Koppelman is right that there are some philosophical confusions in this conflict. And I think he has introduced some of his own. (He adopts a conception of antidiscrimination law as correcting for market failure against an otherwise libertarian baseline, which is, at the very least, a highly controversial view.) But even if it were possible to correct these misconceptions, and even if Koppelman had none of his own, there would be still be conflict. And the reason is that the “root of the problem” (12) is not so much philosophical confusion but rather political uncertainty.

Koppelman is confident that the LGBTQ movement is victorious and that its gains either are, or will soon be, locked in and entrenched. He can point to Obergefell and now to Bostock as evidence for his view. But rights can be narrowed, destabilized, and subverted over time. As Elizabeth Sepper, Louise Melling, and others have argued, the history of reproductive rights is a cautionary tale. Exemptions may be defended to protect conscientious objectors, but they may also have political use as part of a more general strategy to reverse changes in moral, cultural, and legal norms. What begins as an exemption can, with time, become the rule, as we have seen in so many states that are attempting to prohibit abortion. As one conservative commentator recently said, “Religious liberty is not enough.” Many religious and social conservatives want the law to reflect their theological and ethical views about sexual morality. Religious exemptions, for them, are temporary necessities in a rearguard action, not long-term aspects of a stable moral compromise.

Now Koppelman might say, again, that conservatives who take this view have lost, and liberals should have less anxiety and more generosity or, as it were, liberality. He closes his book with a story about the boxer, Sugar Ray Robinson, going easy on a terrified and far less capable opponent. Koppelman quotes Robinson as saying: “Don’t worry. I’m not going to hurt you. I’m just going to win.” If you are the best pound-for-pound boxer who has ever lived, it is easy to say that. But if you have lost a few rounds, won a few rounds, and you are not so sure what will happen next, you might be understandably reluctant about pulling your punches. And that won’t be because you are confused, or mistaken, about what you or the other side is fighting for.
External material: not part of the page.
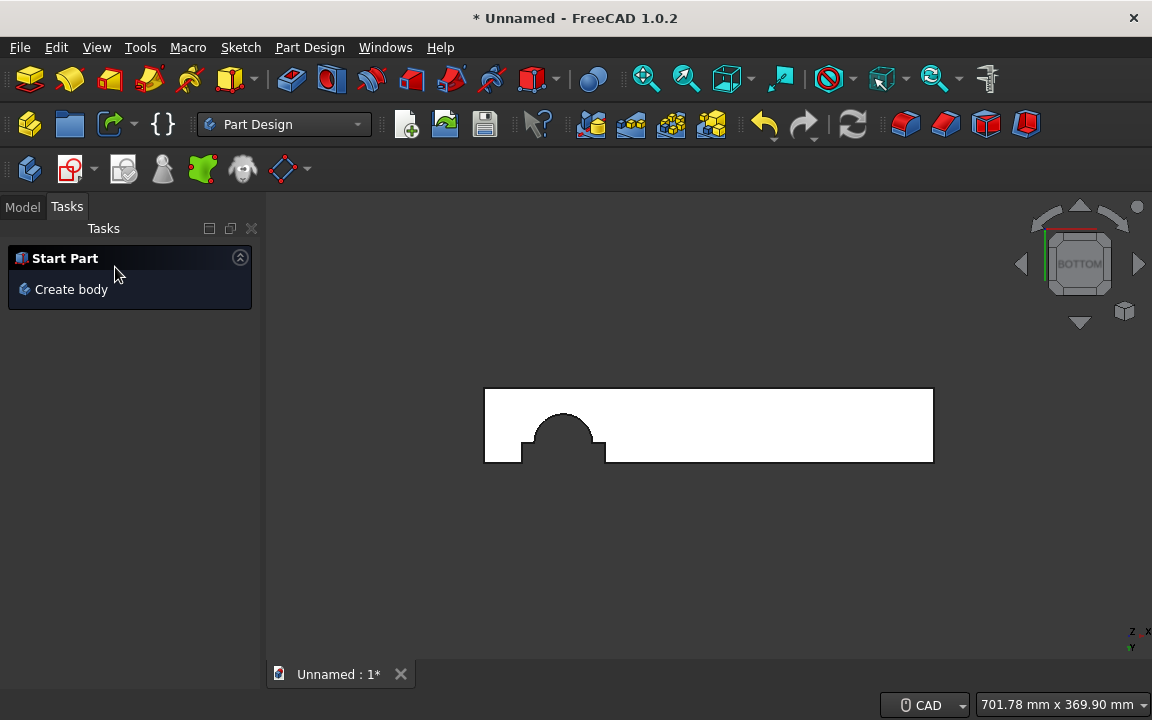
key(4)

Bostock is an important victory for LGBTQ rights, and the Supreme Court’s recent decisions might point the way toward a compromise that most Americans can support. But the Court’s religious freedom jurisprudence must give liberals and progressives, including Koppelman, significant pause. The Court’s interpretation of RFRA, and perhaps soon the First Amendment, works to undermine the possibility of legislative compromise by creating uncertainty about the rights of religious conservatives, who have incentives to seek broader liberties, and of LGBTQ people, who must be rightly concerned about losing much of what they have only so recently gained.

If political uncertainty, more than philosophical confusion, explains much of our current situation, then we have reason to be skeptical of the new conventional wisdom about the Roberts Court and also about Koppelman’s ever-optimistic claim that the gay rights/religious liberty conflict is unnecessary.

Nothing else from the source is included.